- [Goal of the exercise] Only a number is wanted: how many lines in these records contain the word "closed"?

--- START ---

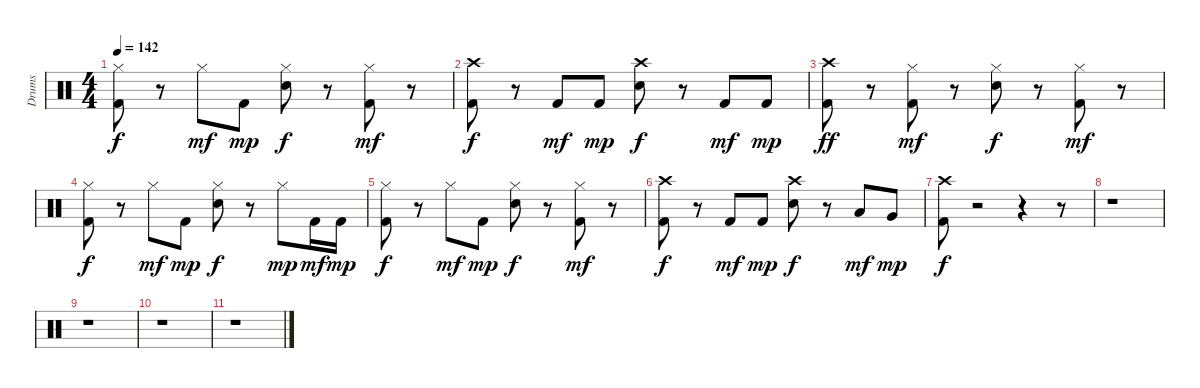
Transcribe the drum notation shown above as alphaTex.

\track ("Drums" "Drums") {instrument percussion}
\staff {score}
\articulation defaults
\ts (4 4)
\tempo 142
\clef neutral
\ks c
("Hi-Hat (closed)" "Kick (hit) 2").8{dy f} r.8 "Hi-Hat (closed)".8{dy mf} "Kick (hit) 2".8{dy mp} ("Hi-Hat (closed)" "Snare (hit) 2").8{dy f} r.8 ("Hi-Hat (closed)" "Kick (hit) 2").8{dy mf} r.8 |
("Crash high (hit)" "Kick (hit) 2").8{dy f} r.8 "Kick (hit) 2".8{dy mf} "Kick (hit) 2".8{dy mp} ("Crash high (hit)" "Snare (hit) 2").8{dy f} r.8 "Kick (hit) 2".8{dy mf} "Kick (hit) 2".8{dy mp} |
("Crash high (hit)" "Kick (hit) 2").8{dy ff} r.8 ("Hi-Hat (closed)" "Kick (hit) 2").8{dy mf} r.8 ("Hi-Hat (closed)" "Snare (hit) 2").8{dy f} r.8 ("Hi-Hat (closed)" "Kick (hit) 2").8{dy mf} r.8 |
("Hi-Hat (closed)" "Kick (hit) 2").8{dy f} r.8 "Hi-Hat (closed)".8{dy mf} "Kick (hit) 2".8{dy mp} ("Hi-Hat (closed)" "Snare (hit) 2").8{dy f} r.8 "Hi-Hat (closed)".8{dy mp} "Kick (hit) 2".16{dy mf} "Kick (hit) 2".16{dy mp} |
("Hi-Hat (closed)" "Kick (hit) 2").8{dy f} r.8 "Hi-Hat (closed)".8{dy mf} "Kick (hit) 2".8{dy mp} ("Hi-Hat (closed)" "Snare (hit) 2").8{dy f} r.8 ("Hi-Hat (closed)" "Kick (hit) 2").8{dy mf} r.8 |
("Crash high (hit)" "Kick (hit) 2").8{dy f} r.8 "Kick (hit) 2".8{dy mf} "Kick (hit) 2".8{dy mp} ("Crash high (hit)" "Snare (hit) 2").8{dy f} r.8 "Low Tom (hit)".8{dy mf} "Very Low Tom (hit)".8{dy mp} |
("Crash high (hit)" "Kick (hit) 2").8{dy f} r.2 r.4 r.8 |
r.1 |
r.1 |
r.1 |
r.1
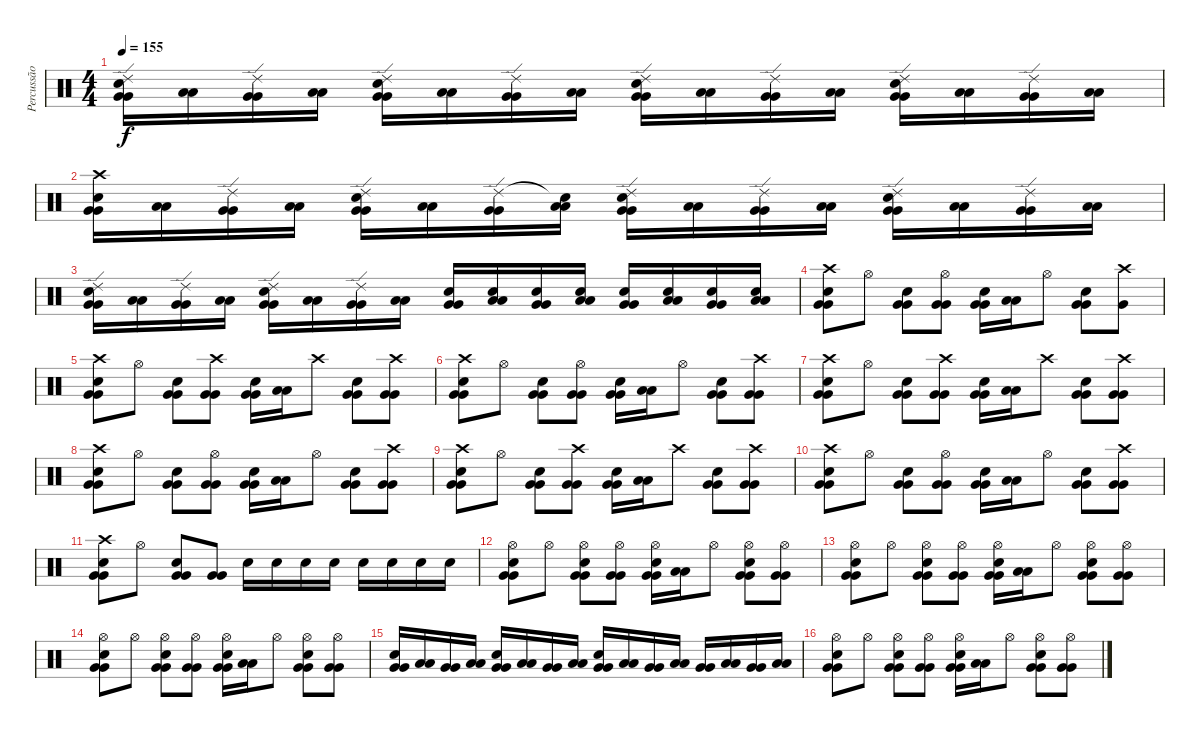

--- END ---

- [The answer] 4